The extension of the energy store 3 is completed, for example, before the automatic retraction feature for the drawer 53 to be retracted with force assistance into the fully closed position on the base furniture structure 51 is activated. The automatic retraction feature is not part of the ejector unit 1 and is for example integrated in the guide 52 or in a partial pull-out unit or a full pull-out unit.

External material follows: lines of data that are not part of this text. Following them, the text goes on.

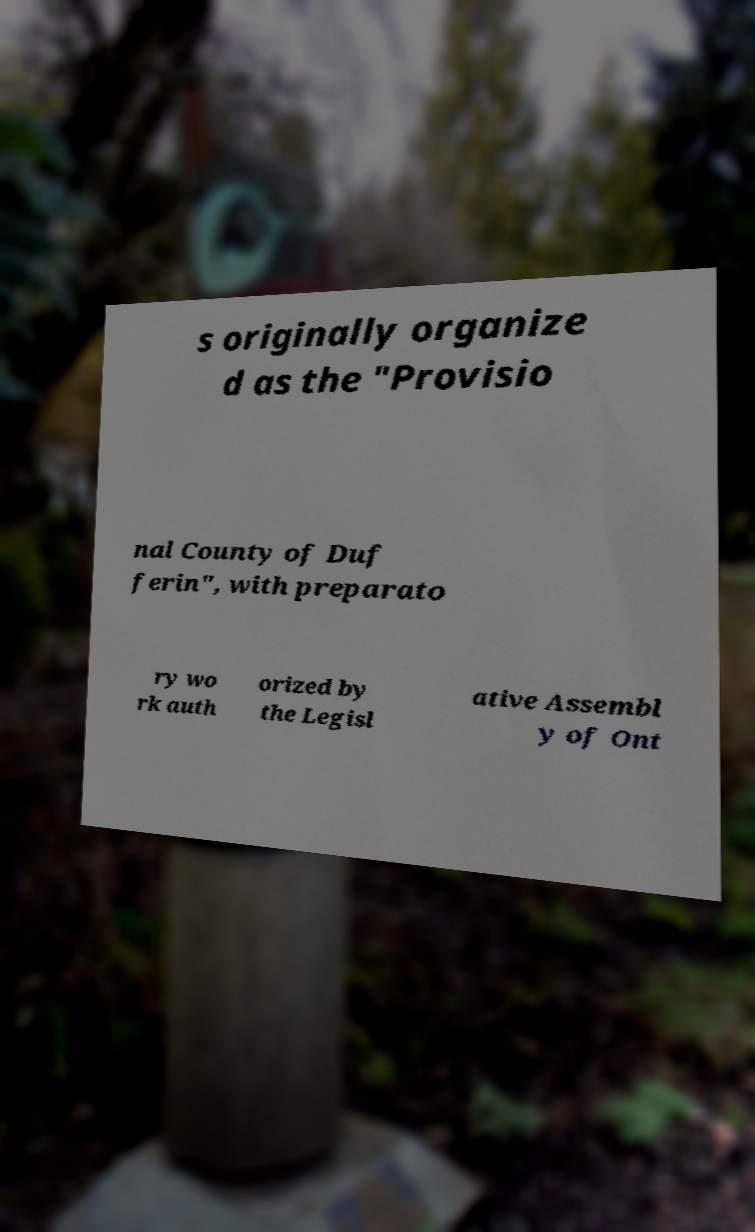Please identify and transcribe the text found in this image. s originally organize d as the "Provisio nal County of Duf ferin", with preparato ry wo rk auth orized by the Legisl ative Assembl y of Ont 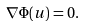<formula> <loc_0><loc_0><loc_500><loc_500>\nabla \Phi ( u ) = 0 .</formula> 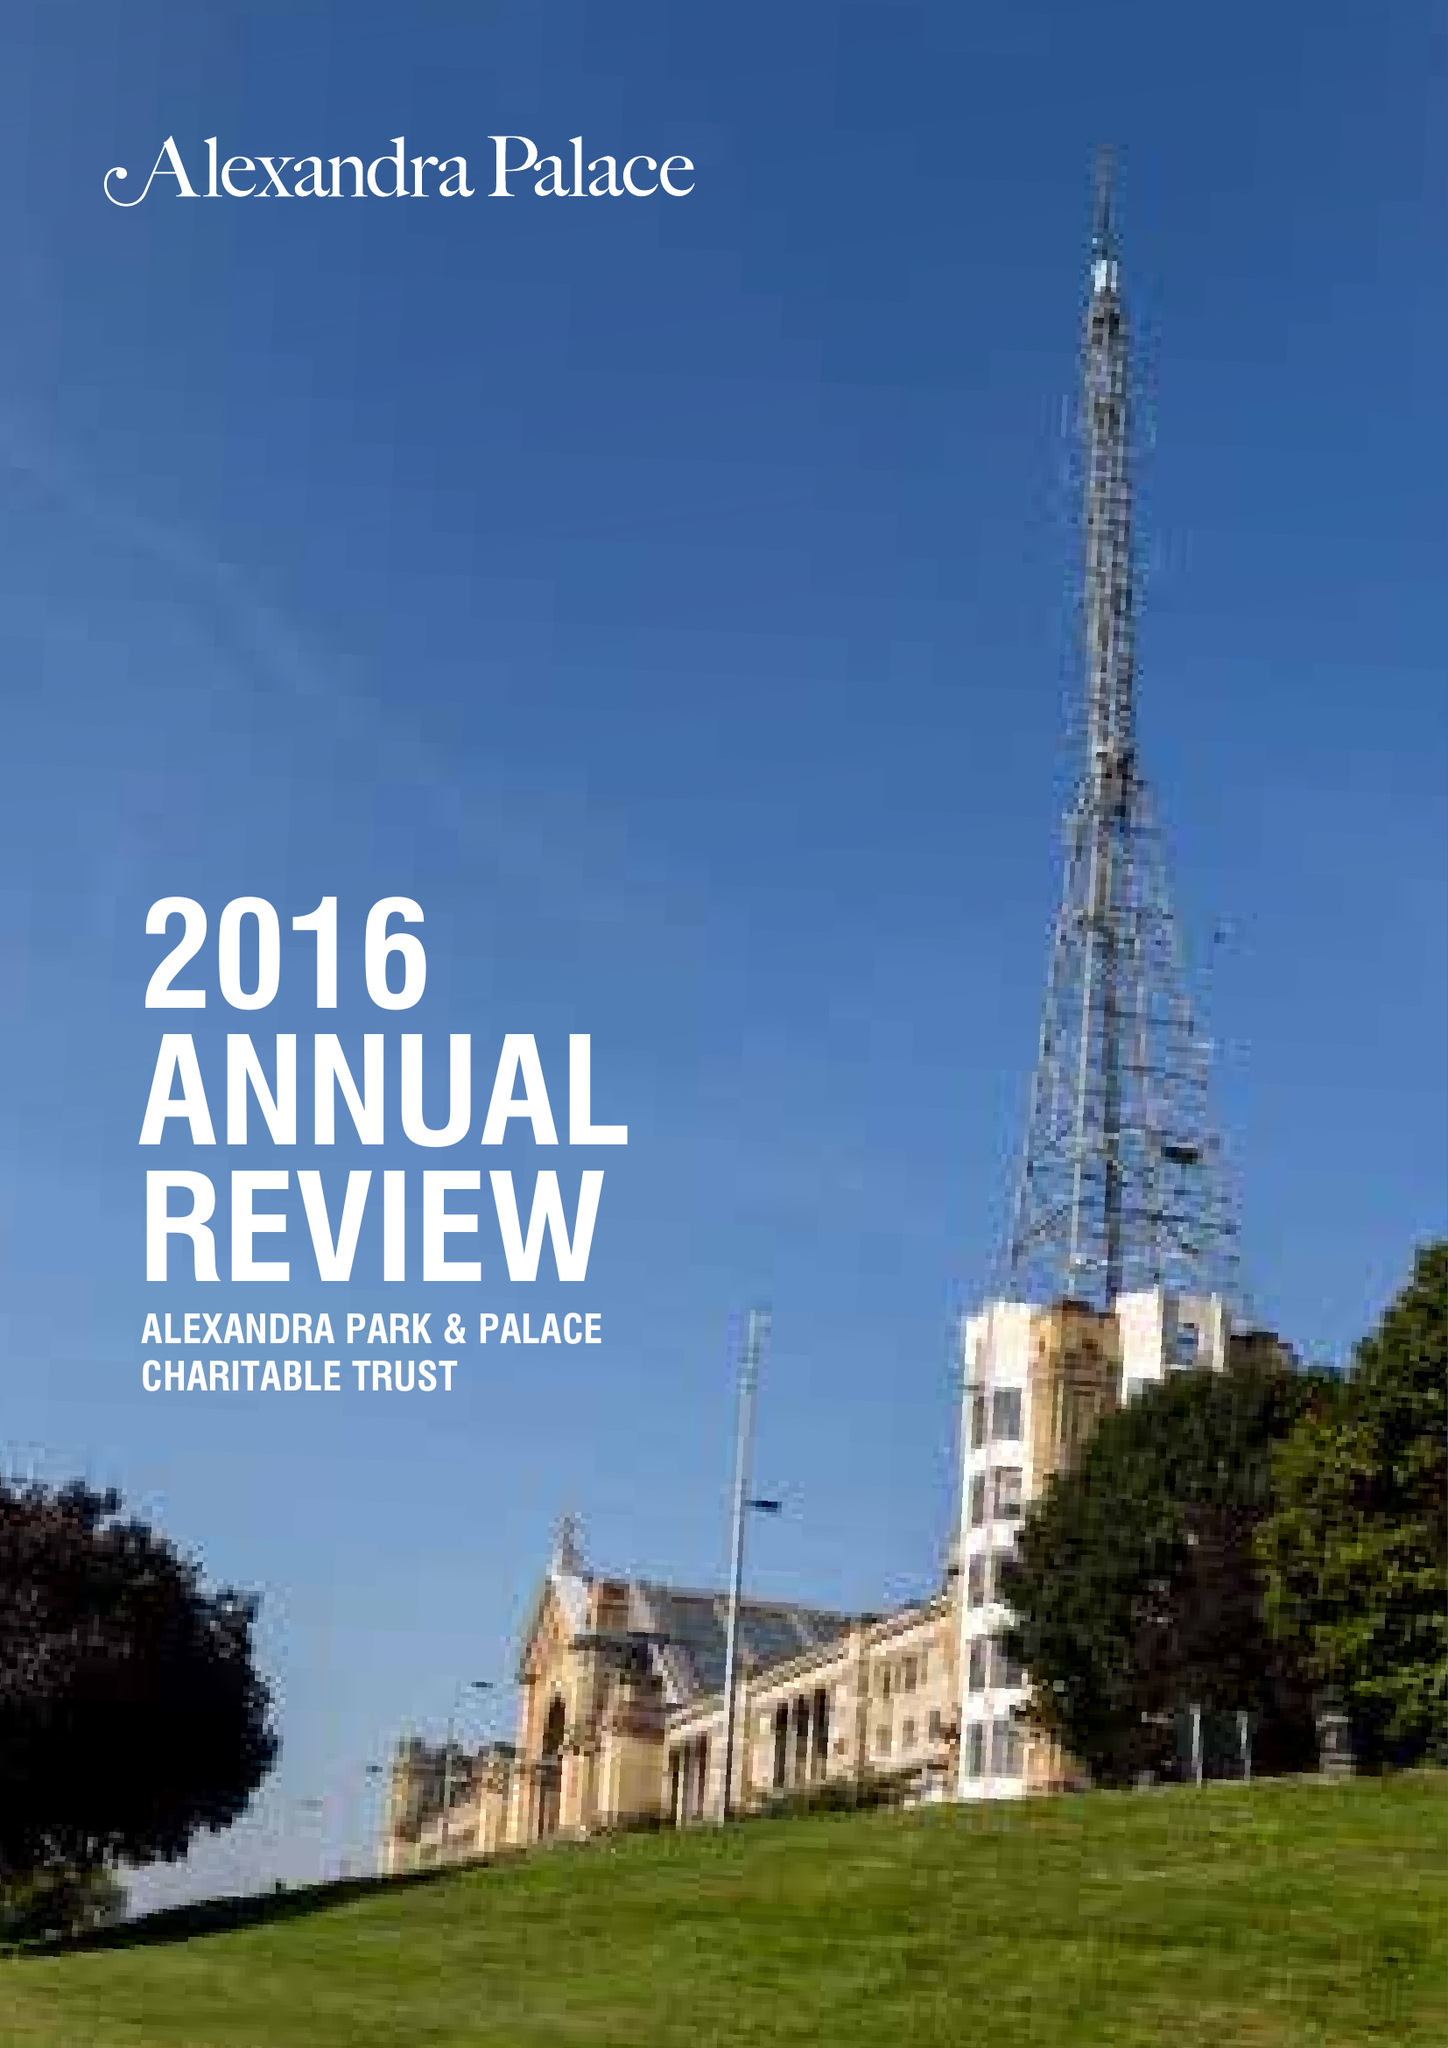What is the value for the charity_name?
Answer the question using a single word or phrase. Alexandra Park and Palace 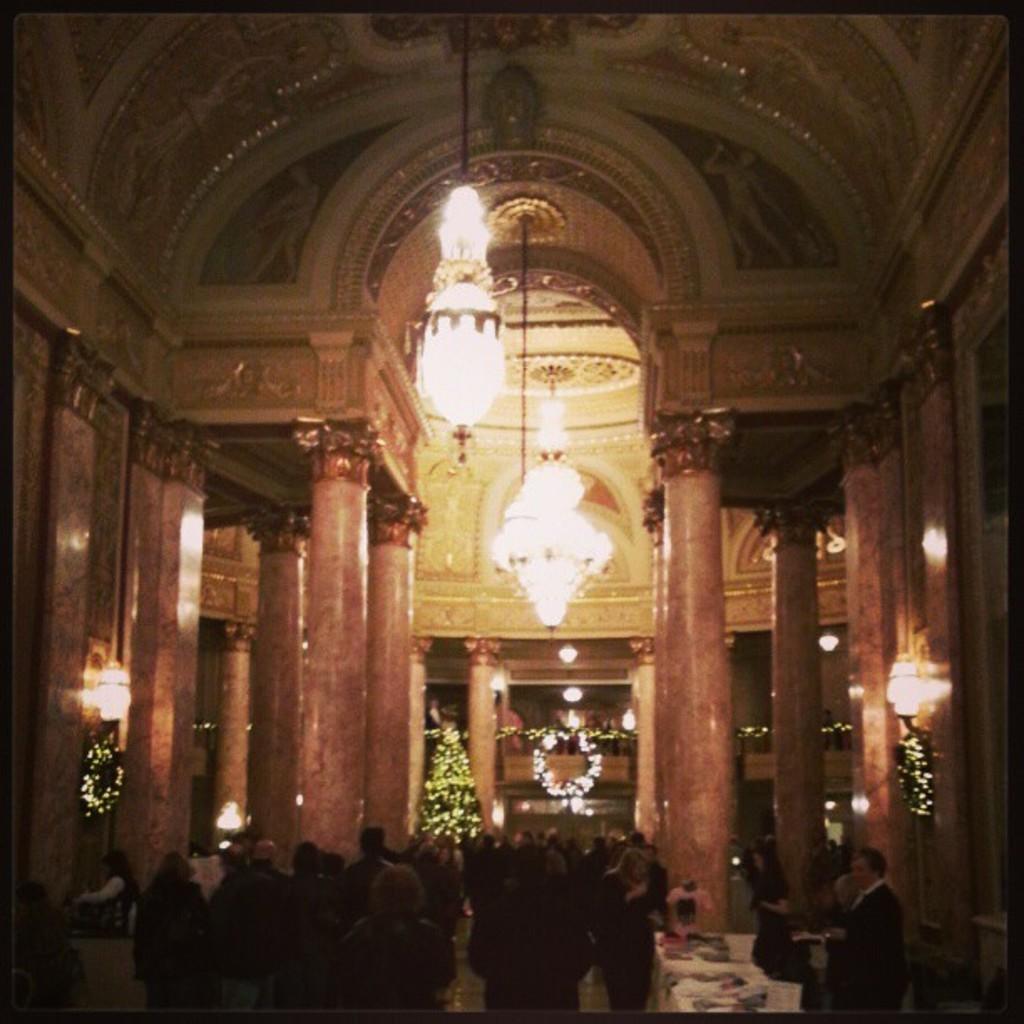Please provide a concise description of this image. Inside a palace there is a crowd and in the front there is a Christmas tree and the palace is beautifully decorated with lot of lights.

After the energy store 3 has been stretched, the ejector 5 is moved in the direction P1 relative to the base plate 2 by means of the further closing movement of the drawer 53 by abutting against the entraining element 23. Here, the operational connection between the locking member 24 of the ejector 5 and the mounting pin 31 of the draw bar 30 is released. This is performed by the interaction between guide track 25 and guide pin 24a on latching member 24, wherein latching member 24 is pivoted away from mounting pin 31 by guidance of guide pin 24a in guide track 25 (fig. 8). In this state, the ejector 5 is decoupled from the coupling device 4 and is displaced in particular by the automatic retraction feature in the direction P1 until the drawer 53 is completely closed on the base furniture structure 51 and the ejector 5 rests against the trigger 6 in the base position according to fig. 3.

In the basic position of the ejector unit 1 according to fig. 3, the user can manually pull the drawer 53 in the opening direction M1 without using the ejector function or without first releasing the locked state. Here, the accumulator 3 of the ejector unit 1 is not activated or charged.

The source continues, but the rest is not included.